Now it has all been definitively weighed, from Selassie’s lapdog to whether Kapuscinski actually witnessed the massacre at Mexico’s Tlatelolco Square in 1968—and a whole lot of less-momentous questions as well. I suppose it was a necessary exercise.
But it is not especially enjoyable to read. One imagines “the master’s” ghost uneasy as his reputation is challenged once again by ideology—this time the ideology of factuality, of literal-mindedness. It happens to be an ideology to which I subscribe. So why do I flinch upon seeing Kapuscinski subjected to its rigors? Maybe because I like a good story, and enjoyed reading those books, and never assumed them to be perfectly true.

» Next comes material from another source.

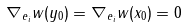Convert formula to latex. <formula><loc_0><loc_0><loc_500><loc_500>\nabla _ { e _ { i } } w ( y _ { 0 } ) = \nabla _ { e _ { i } } w ( x _ { 0 } ) = 0</formula>

This book won the Grand Press prize, Poland’s top journalistic honor, but also prompted legal action by Kapuscinski’s widow Alicja, who tried and failed to stop publication. Domoslawski agonizes over the damage he correctly predicts his book will do to the dead man’s reputation. “I catch myself fearing that, without meaning to write an exposé, I am discovering facts about the master’s life which I would rather not know at all, and that I am creating a platform for massively negative opinions of him,” he writes. Still, he continues, “a portrait of Kapuscinski in which frailties and flaws are visible is more genuine than a beatified icon…isn’t this version of Kapuscinski more interesting than the one that is flattered to death?”

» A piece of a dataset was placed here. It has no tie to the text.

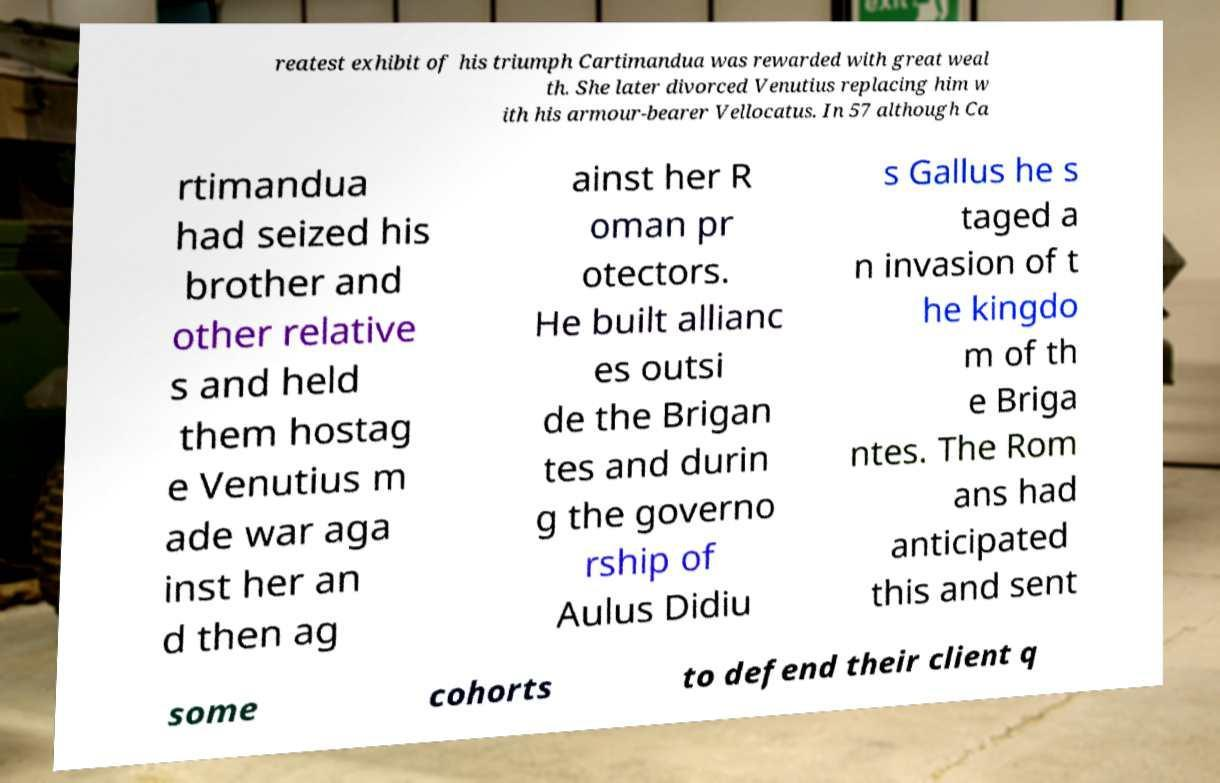Can you accurately transcribe the text from the provided image for me? reatest exhibit of his triumph Cartimandua was rewarded with great weal th. She later divorced Venutius replacing him w ith his armour-bearer Vellocatus. In 57 although Ca rtimandua had seized his brother and other relative s and held them hostag e Venutius m ade war aga inst her an d then ag ainst her R oman pr otectors. He built allianc es outsi de the Brigan tes and durin g the governo rship of Aulus Didiu s Gallus he s taged a n invasion of t he kingdo m of th e Briga ntes. The Rom ans had anticipated this and sent some cohorts to defend their client q

Who would disagree? It’s better not to admire a fantasy. But in focusing on a single metric—factuality—in assessing Kapuscinski’s life and work, the biographer has reduced his subject unfairly. Passages of Shah of Shahs and The Soccer War deserve to be read for how they enlarged readers’ awareness of and empathy for the world. Kapuscinski crossed the globe in search of oppressed people demanding a better way to live. He sought new ways to make revolution intelligible, to explain to those of us who might not have seen it ourselves how the future opens up when the oppressed reach a point when they can submit no longer. In Shah of Shahs, he wrote,
All books about all revolutions begin with a chapter that describes the decay of tottering authority or the misery and sufferings of the people. They should begin with a psychological chapter, one that shows how a harassed, terrified man suddenly breaks his terror, stops being afraid.
Domoslawski cites it as an example of Kapuscinski foretelling the rebellion of Polish shipyard workers. But to me it’s a through-line for Kapuscinski’s best work. He wanted to hear those cries and amplify them. To do that, he worked out a new language for reportage. Newcomers should appreciate the asterisk that’s now attached: Warning! Contents may be embellished! But then, I hope, they’ll read Kapuscinski anyway.
Ted Conover is a distinguished writer-in-residence at New York University’s Arthur L. Carter Journalism Institute. His latest book is The Routes of Man, about roads.